Cases like these form a staple ingredient of cheap newsprint. It would be easy to imagine Britain's housing estates to be swarming with the offspring of the hyperfecund, with their mums bent over the kitchen sink, afraid to fart in case another one pops out unexpectedly.
There are 1.35 million households with children in which at least one adult receives an out of work benefit. Of those, precisely 190 contain 10 or more children. There can be very few who are yet to be honoured with their own double-page tabloid feature or their own TV show.
When that number was revealed through a freedom of information request in late 2011, the Daily Mail pointed out that each of those families could be entitled to at least £61,000 in benefits per year. There's no evidence as to whether those families do collect their full entitlements, but if they did that would total £11m in annual benefits. With a total benefits bill (excluding pensioners) of £100bn per year, that means we could stop all payments to those 190 families, and the country would reduce its bill by less than one hundredth of 1%. However spectacular they may be as news stories, economically and fiscally these families are entirely irrelevant.
Media coverage of such spectacularly large families bolster the belief that people on benefits, and young women in particular, pop out sprogs as a matter of course to boost the size of the weekly benefit cheque or to secure a bigger, better house. In fact, official figures show that those 1.35m benefit-claiming households have 2.55 million kids between them, an average of 1.9 children per household – pretty much identical to the reproduction rate for the population as a whole.

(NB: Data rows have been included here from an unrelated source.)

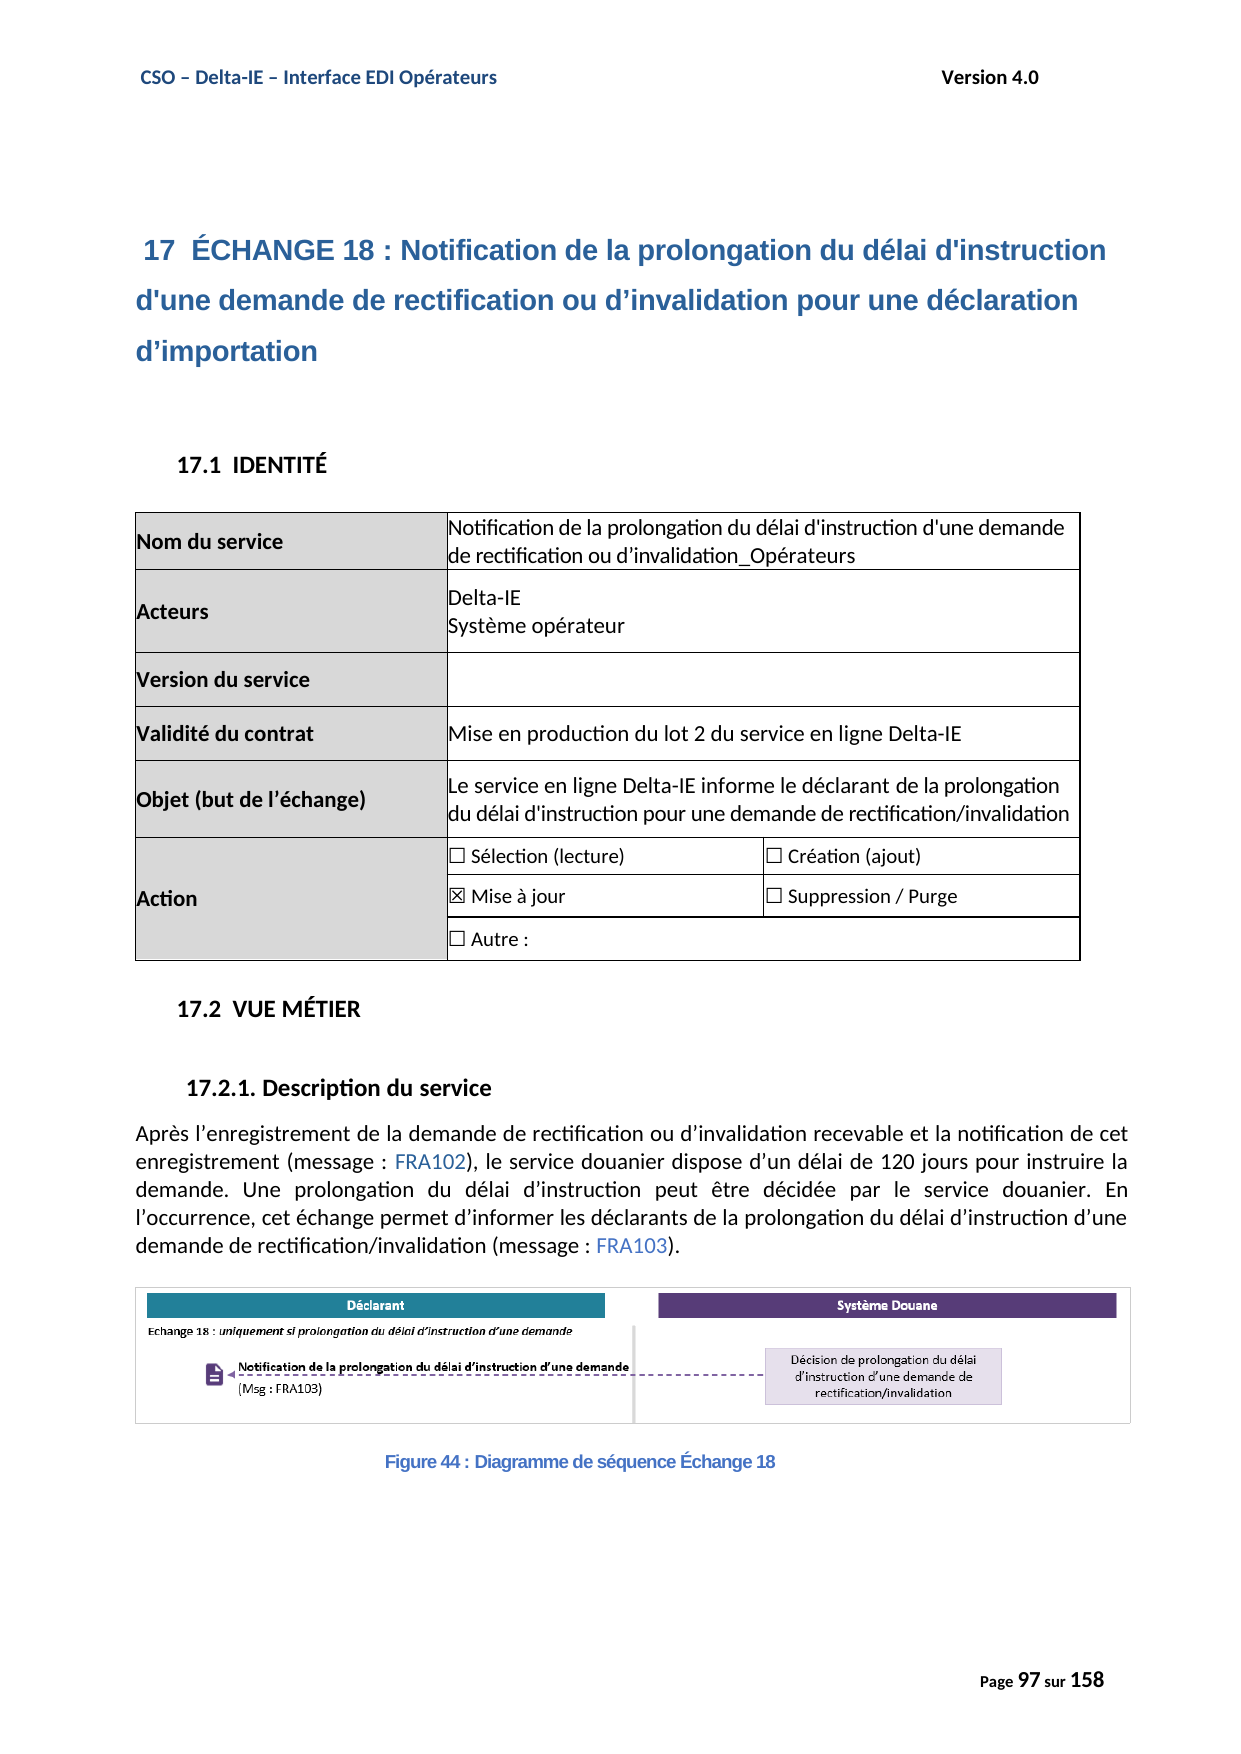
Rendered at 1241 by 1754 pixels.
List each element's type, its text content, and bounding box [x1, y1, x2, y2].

table_cell Version du service [136, 653, 447, 706]
table_cell ☐ Création (ajout) [764, 838, 1079, 874]
table_cell ☐ Autre : [448, 918, 1079, 959]
table_cell Delta-IE Système opérateur [448, 570, 1079, 652]
table_cell Action [136, 838, 447, 959]
subtitle Diagramme de séquence Échange 18 [135, 1451, 1071, 1473]
picture [136, 1288, 1130, 1423]
subtitle Description du service [186, 1072, 1130, 1103]
table_cell Mise en production du lot 2 du service en ligne Delta-IE [448, 707, 1079, 760]
subtitle ÉCHANGE 18 : Notification de la prolongation du délai d'instruction d'une demande de rectification ou d’invalidation pour une déclaration d’importation [135, 233, 1130, 367]
table_cell Objet (but de l’échange) [136, 761, 447, 837]
subtitle VUE MÉTIER [171, 993, 1130, 1024]
table_cell ☒ Mise à jour [448, 875, 763, 916]
table_cell ☐ Suppression / Purge [764, 875, 1079, 916]
table_cell Acteurs [136, 570, 447, 652]
table_cell ☐ Sélection (lecture) [448, 838, 763, 874]
text Après l’enregistrement de la demande de rectification ou d’invalidation recevable et la notification de cet enregistrement (message : FRA102), le service douanier dispose d’un délai de 120 jours pour instruire la demande. Une prolongation du délai d’instruction peut être décidée par le service douanier. En l’occurrence, cet échange permet d’informer les déclarants de la prolongation du délai d’instruction d’une demande de rectification/invalidation (message : FRA103). [135, 1119, 1130, 1259]
table_cell Le service en ligne Delta-IE informe le déclarant de la prolongation du délai d'instruction pour une demande de rectification/invalidation [448, 761, 1079, 837]
table_header Nom du service [136, 513, 447, 569]
table_cell [448, 653, 1079, 706]
subtitle IDENTITÉ [171, 449, 1130, 479]
table_header Notification de la prolongation du délai d'instruction d'une demande de rectification ou d’invalidation_Opérateurs [448, 513, 1079, 569]
table_cell Validité du contrat [136, 707, 447, 760]

The fabricated scandals of the hyperfecund poor sit alongside the myth of families where no one has worked for three generations or the common misconceptions about the scale of benefit fraud. It is often noted that such stories serve a propaganda function, turning poor against poor and creating a public mood that will not only accept barbaric assaults on social security but actively welcome them. Like most such stories, current coverage of the Frost family and their difficult housing arrangements was not graced with a quote from, say, the Child Poverty Action Group or Shelter, but from representatives of the libertarian fundamentalist group the Taxpayers Alliance, who apparently have nothing better to do than stick their noses into the wombs of the poor.
The Sun dragged in Tory MP Gavin Barwell to explain why this case justified the forthcoming benefits cap, although only a handful of the estimated 67,000 claimants threatened by the cap will have a household even vaguely resembling this one. Just why the member for Croydon Central should have informed insight into a case more than a hundred miles away remains a mystery.
There are legitimate ethical and practical questions as to whether people should have large families while unable to support them with anything more than paltry benefits. Such questions are all but eclipsed by the human costs of cutting the financial support offered to such families. The tabloid press has never shied away from moralistic finger-pointing or the attractions of a garish family freak show, but recent years have seen a trend away from a traditional puritanism towards a new morality that rests entirely upon financial demands on the state. Nowhere in the press coverage does anyone ask whether Frost's children are happy, well cared for and healthy, the only issues are the adults' employment status and the (actually rather modest) cost of the newly built house.
We are now lectured on morality, not by fire and brimstone preachers banging a copy of the bible, but by the slash-and burn evangelists of neoliberal economics banging on a copy of the balance sheet.